「この男の火遊びのために十億円ですか。私は到底、納得できないな。」
統一さんっ、と武田の野太い声が飛び、アッパーカットを食らったようにのけぞる。
「この堤がロビイストとして成し遂げた、ピックアップトラック事業やハリウッドスターを巻き込んだ[プロメテウス]販促などを正当に評価してやりませんか。その価値は一千億では効きませんよ。」
「トヨトミはクルマを作って売る会社です。」
統一は意気揚々と語る。
「質実剛健を誇りとする日本の自動車会社なのです。
派手に飲み食いし、勝手に動き回るロビイストは今後もいりません。」
元凶はこいつか、と堤は憎悪のこもった目で睨んだ。
愛知県にある一都市の鉄工所から世界企業となった「トヨトミ自動車」を舞台に、1995年から2016年の間を描いた小説です。
二人の主人公から見た「トヨトミ自動車」が描かれており、一人は物語当初から社長として辣腕を振るう武田剛平、もう一人は豊臣一族本家の子息であり、2009年から社長に就任する豊臣統一です。
…お察しかとは思いますが、現実にある世界一の自動車会社が舞台であるかような物語になっております。(巻末には「フィクション」とあります。)

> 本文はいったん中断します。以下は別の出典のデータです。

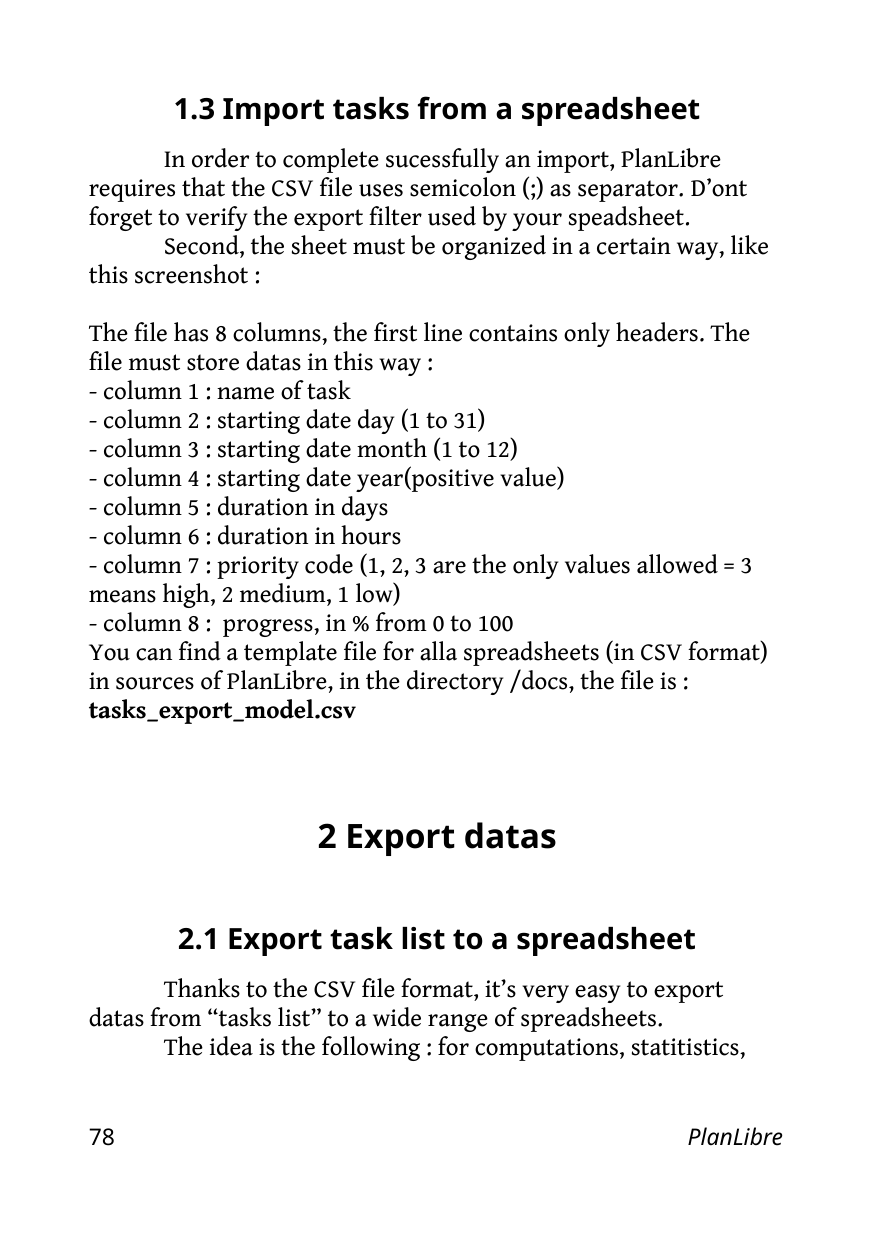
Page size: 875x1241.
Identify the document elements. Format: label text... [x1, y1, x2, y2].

text - column 7 : priority code (1, 2, 3 are the only values allowed = 3 means high, 2 medium, 1 low) [88, 551, 786, 609]
text - column 6 : duration in hours [88, 522, 786, 551]
text - column 4 : starting date year(positive value) [88, 464, 786, 493]
text - column 1 : name of task [88, 378, 786, 407]
text The idea is the following : for computations, statitistics, [88, 1033, 786, 1062]
subtitle 2.1 Export task list to a spreadsheet [88, 918, 786, 958]
text - column 5 : duration in days [88, 493, 786, 522]
text You can find a template file for alla spreadsheets (in CSV format) in sources of PlanLibre, in the directory /docs, the file is : tasks_export_model.csv [88, 638, 786, 725]
subtitle 2 Export datas [88, 813, 786, 859]
text - column 8 : progress, in % from 0 to 100 [88, 609, 786, 638]
text - column 2 : starting date day (1 to 31) [88, 407, 786, 436]
text The file has 8 columns, the first line contains only headers. The file must store datas in this way : [88, 320, 786, 378]
text In order to complete sucessfully an import, PlanLibre requires that the CSV file uses semicolon (;) as separator. D’ont forget to verify the export filter used by your speadsheet. [88, 146, 786, 233]
text - column 3 : starting date month (1 to 12) [88, 436, 786, 464]
subtitle 1.3 Import tasks from a spreadsheet [88, 88, 786, 128]
text Second, the sheet must be organized in a certain way, like this screenshot : [88, 233, 786, 291]
text Thanks to the CSV file format, it’s very easy to export datas from “tasks list” to a wide range of spreadsheets. [88, 975, 786, 1033]
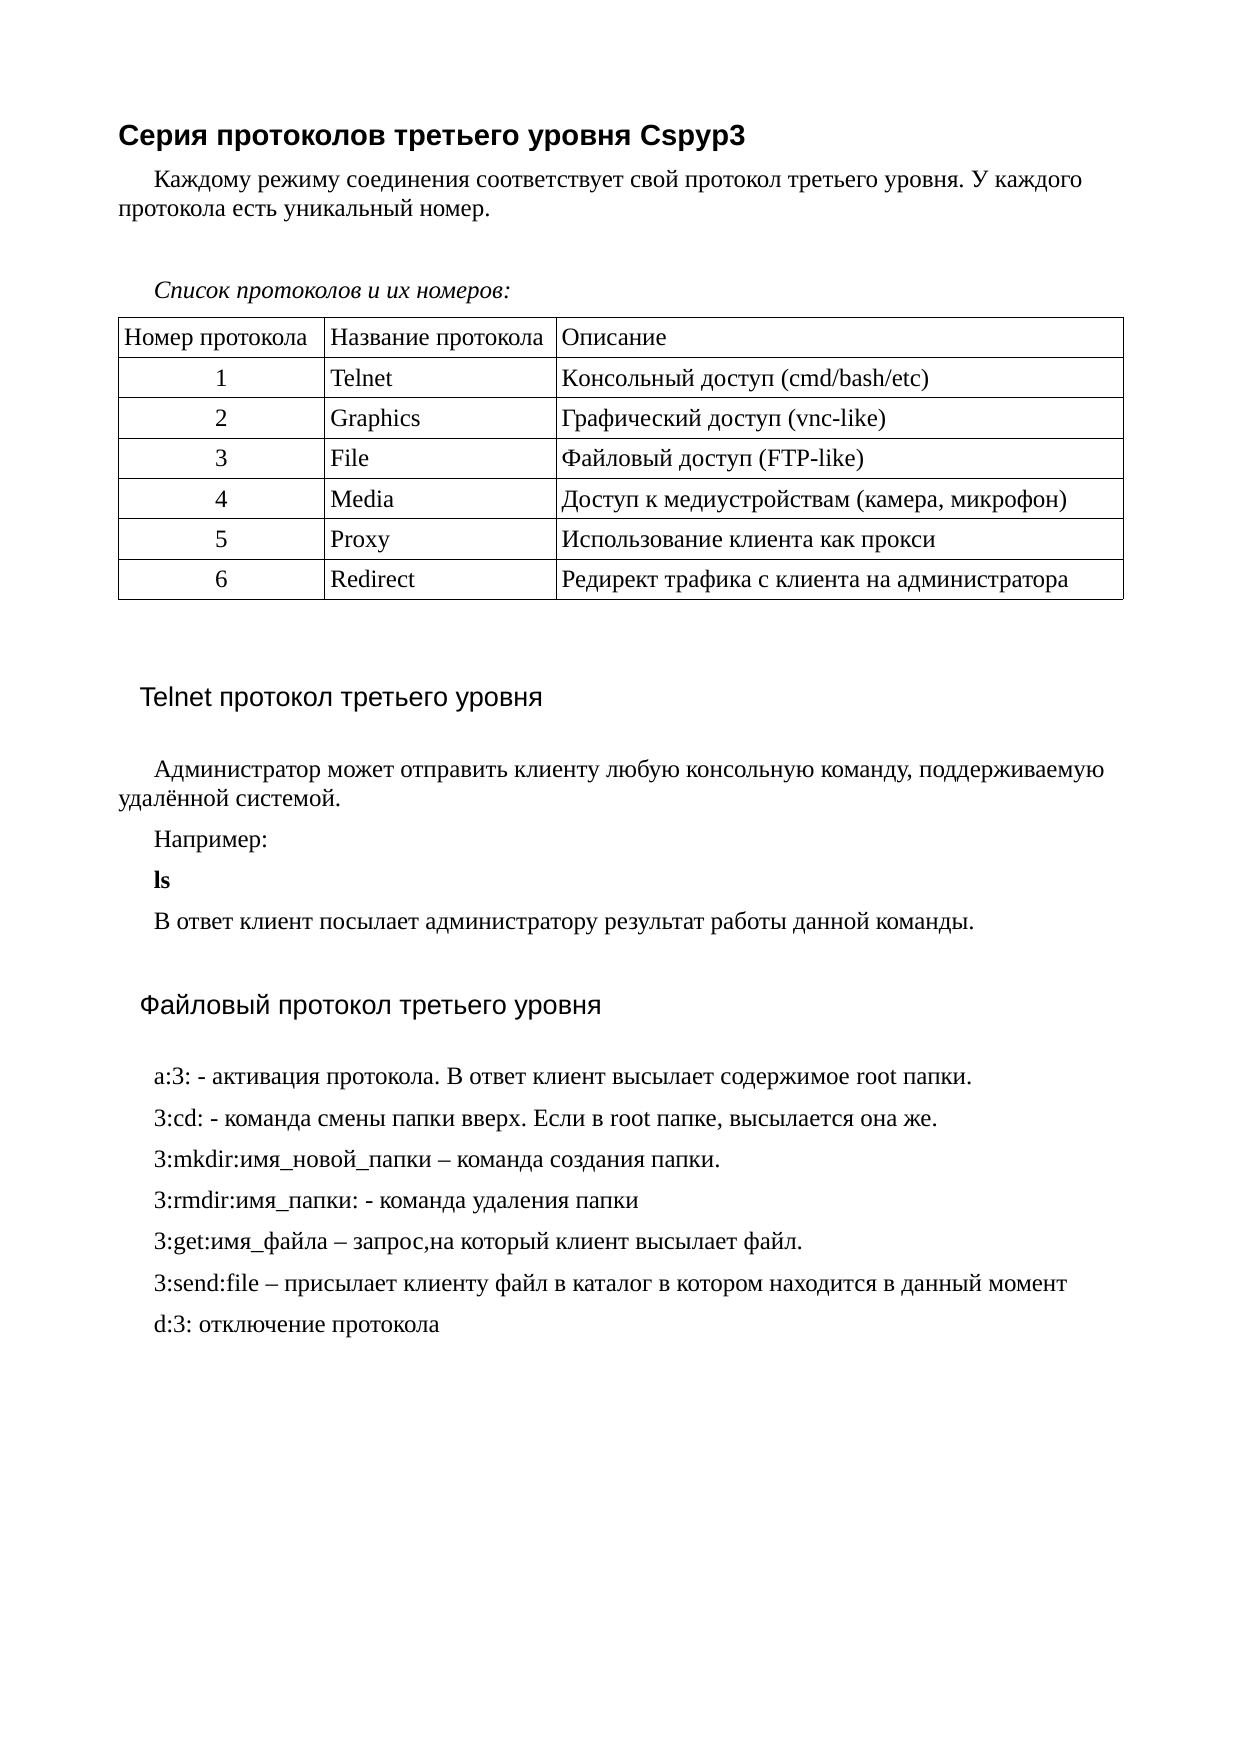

前半は武田剛平による、きめ細やかな対処を散りばめながらの攻めの経営によるトヨトミ自動車の躍進が描かれております。
彼の不遇の時代(フィリピンへの単身赴任)や専務時代の子会社買収防衛戦、小型車と大型商用車メーカー(ダイエン工業、立川自動車)の子会社化、そしてアメリカでの禁忌とされたピックアップトラック部門への進出など、生産台数世界一に向かう、非常に勢いがある爽快な内容になっております。
後半は、豊臣統一が社長となるきっかけともなるリーマンショックやブレーキ不作動による事故、そのリコール及びアメリカ議会公聴会など、重苦しい展開のなか、悪戦苦闘しながらも前に進もうとする様子が描かれております。
生産と販売のための米英仏政府との折衝(工場誘致と補助金)や生産台数世界一への邁進などの世界企業としての経済小説的な内容だけではなく、ハイブリッドカー生産前倒しの際の取締役会や社内政治・思惑の交錯、
加えてトヨトミ創業一族の思想と振る舞いなどの社内政治・人間臭い部分も描かれております。
後者については世界的企業であっても、人が動かす「会社」というものであれば、このようなことがあるのだろうな、と思うような内容でもあります。
先述の通り、フィクションである前提ながら、登場人物の背景含め、相当にモチーフとしているのは間違いなく、どこまでがそうなのか、が気になるところでもあります。(巻末の解説でその点が少し触れられております。)
物語は、2016年以降を描いた「トヨトミの逆襲」へと続きます。
日本を代表する自動車産業企業をモチーフとしたフィクション(?)、ご興味ありましたら是非どうぞ。